So you’ve got some audio that you want to turn into text? There are a lot of good, inexpensive options out there powered by machines, people, and a mix of the two.
If you are working with text at scale, I recommend you pay for one of the many wonderful services or pay to have someone integrate machine-learning-powered speech-to-text with your workflows.
However, if you’re just looking to transcribe an interview for something like a case study, testimonial, or qualitative feedback, you don’t have the budget to pass off this tedious work to someone else, and don’t have the patience to do everything yourself then this hacked together workflow will speed up the boring bits significantly.
I’m going to show you how to use IBM Watson’s Speech-to-Text along with Python in order to partially automate the transcription process. IBM allows 100 minutes of transcription a month which should be enough most people who need a hacky solution like this.
Machine transcription is far from perfect, and IBM Watson is no exception. You’ll need to read the output while listening along and check the words as well as add punctuation, but I’d estimate that I can do five minutes of audio in about 15 minutes of work now that I have this set up whereas it could take the better part of an hour before.
You’ll need to be able to run Python in order to follow the instructions here. If you’re on Mac or Linux, you’ve already got Python installed and should be good to go.
In my case, I’ve got WSL running Ubuntu Linux in Visual Studio Code. I installed Bash, integrated it with VS Code and then followed the Linux instructions to get Python running.
Setting this up is way beyond the scope of this article. It took me a lot of Googling but I’m sure you’ll get there if you have enough time.
Alternately, ask a Mac-using friend to borrow their computer.
Sign Up for Watson
First, create an IBM Cloud account and confirm your email, agree to give up your next child in the TOS, and finish all of the usual other setup steps.
Next, go to your IBM Bluemix Console (log in if you need) and then search for and select “speech to text”. The defaults should be fine for a hacked together tool like this.
You should be on a page listing your speech-to-text settings. We’re interested in two things. Your API Key (keep this secret) and the Url where IBM is listening for your requests.
We will need both of these things when setting up your scripts.
Set Up Your Scripts
With Python, hopefully, up and running and your IBM account you’re ready to set things up.
First, create a folder to host your scripts. We’re going to save the input audio here and have a text file to receive the output text along with the command line commands and Python scripts that do all of the work.
If you’ve already got a dev environment set up, then you know where you want to put this.
Otherwise, I recommend creating a dev folder under your user and under that add utils and speech-to-text subfolders.
Now it’s time to get the files set up. You can download them or clone them from GitHub here or follow along and add them as we go.
First, open or create a file called console.txt. This holds the command line script that you’re going to run.
What these lines do, when entered in your terminal, is tell your computer to send an audio file named input.flac to IBM’s server authenticated with your API key, return the audio as text and put it in a file called watson.json.

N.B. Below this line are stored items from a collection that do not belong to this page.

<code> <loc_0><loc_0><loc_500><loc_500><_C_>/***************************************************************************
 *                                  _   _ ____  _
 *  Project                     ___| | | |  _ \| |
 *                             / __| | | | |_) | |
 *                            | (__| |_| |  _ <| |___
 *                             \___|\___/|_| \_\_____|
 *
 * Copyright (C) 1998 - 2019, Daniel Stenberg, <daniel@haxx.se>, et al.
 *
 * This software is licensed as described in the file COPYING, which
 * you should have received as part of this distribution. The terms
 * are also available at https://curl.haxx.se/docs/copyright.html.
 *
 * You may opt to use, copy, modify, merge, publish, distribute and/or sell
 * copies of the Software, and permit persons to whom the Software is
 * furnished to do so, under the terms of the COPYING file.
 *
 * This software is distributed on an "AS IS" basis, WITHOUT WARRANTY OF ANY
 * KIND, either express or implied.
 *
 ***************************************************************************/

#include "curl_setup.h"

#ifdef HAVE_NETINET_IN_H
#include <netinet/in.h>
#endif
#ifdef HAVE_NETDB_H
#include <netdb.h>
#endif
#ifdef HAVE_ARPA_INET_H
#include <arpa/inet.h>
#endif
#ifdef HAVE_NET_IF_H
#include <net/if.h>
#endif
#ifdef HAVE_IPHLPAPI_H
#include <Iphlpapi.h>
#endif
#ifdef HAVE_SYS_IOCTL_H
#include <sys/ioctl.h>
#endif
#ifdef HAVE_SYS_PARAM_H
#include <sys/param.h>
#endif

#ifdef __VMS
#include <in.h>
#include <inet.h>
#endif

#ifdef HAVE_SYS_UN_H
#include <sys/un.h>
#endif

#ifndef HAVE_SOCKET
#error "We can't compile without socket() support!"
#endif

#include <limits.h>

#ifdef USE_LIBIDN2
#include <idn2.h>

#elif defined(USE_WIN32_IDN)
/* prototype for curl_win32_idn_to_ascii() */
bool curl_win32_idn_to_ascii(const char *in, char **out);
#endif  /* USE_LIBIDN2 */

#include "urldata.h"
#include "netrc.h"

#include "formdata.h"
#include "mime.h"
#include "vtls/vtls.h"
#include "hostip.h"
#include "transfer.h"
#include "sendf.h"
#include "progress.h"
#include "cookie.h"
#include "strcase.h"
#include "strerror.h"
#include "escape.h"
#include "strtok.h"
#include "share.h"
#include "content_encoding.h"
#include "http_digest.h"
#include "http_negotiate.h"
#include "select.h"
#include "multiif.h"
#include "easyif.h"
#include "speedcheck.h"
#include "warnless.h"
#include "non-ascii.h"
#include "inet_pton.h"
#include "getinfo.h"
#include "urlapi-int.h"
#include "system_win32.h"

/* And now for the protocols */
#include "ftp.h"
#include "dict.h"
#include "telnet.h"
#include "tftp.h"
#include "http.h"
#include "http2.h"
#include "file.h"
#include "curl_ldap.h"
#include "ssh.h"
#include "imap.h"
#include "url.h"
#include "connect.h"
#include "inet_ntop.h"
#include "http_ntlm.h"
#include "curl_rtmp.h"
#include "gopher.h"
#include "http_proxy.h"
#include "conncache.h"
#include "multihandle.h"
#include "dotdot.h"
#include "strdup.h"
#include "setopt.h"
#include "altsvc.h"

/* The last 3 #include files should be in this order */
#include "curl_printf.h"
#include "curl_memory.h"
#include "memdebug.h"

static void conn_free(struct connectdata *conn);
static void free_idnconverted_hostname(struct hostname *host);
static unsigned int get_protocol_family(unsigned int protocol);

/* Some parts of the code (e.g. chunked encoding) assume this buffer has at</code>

Remember the API key and URL from your IBM Bluemix console that I asked you to remember? You’re going to put them in here.
The API key goes in the place helpfully marked “your_api_key” in the first line.
If you kept the default region (Dallas) in setup, then you don’t need to change the URL. Otherwise, you’ll want to replace everything from _https _to _api _in the URL on the fourth line with the URL from the console.
Otherwise we’re good here.
Next, open or create a file called json-to-text.py. This file is going to parse the JSON from IBM in the watson.json file and write it to a file containing raw text named formatted_text.txt.
We don’t actually need to do anything with this other than to save it.
Running the Script
The eagle-eyed among you will have noticed that the audio file that we’re working with is called input.flac.
If you can capture your audio in flac format, then do so because you’ll get much better results. In this case, name the file input.flac and place it in the speech-to-text folder where you installed the other files.
Otherwise, you’re going to need to convert your audio to flac format before renaming and and putting it in the correct folder. At the time of writing, this service is free but there are plenty of other ways that you can do this.
Now, open up your Terminal application. Windows users running Linux on Windows will want to open the Linux Terminal and change directory to your speech-to-text folder.
Once you’re in right folder, copy and paste the contents of console.txt (with your API key and updated URL if necessary) into the terminal.
This will take some time depending on how much audio you’re transcribing. The file I used took about one minute to transcribe one minute of audio so maybe it goes through it without fast forwarding or separating the file into chunks for parallel processing.
I usually like to take advantage of moments like this by being conspicuously idle encouraging coworkers and bosses to comment so I can respond “I’m transcribing audio as we speak. What are you doing?” It’s great for morale (well, yours at least).
When it’s done you should have a long JSON file that doesn’t look anything like the words you’re transcribing.
That little json-to-text.py file that we created earlier will fix this.
In your terminal, type python json-to-text.py and you should have your transcription in the formatted_text.txt file almost immediately. The terminal doesn’t even bother to tell you its done.
Go check formatted_text.txt where you’ll see your transcription in all its highly-in-need-of-editing glory.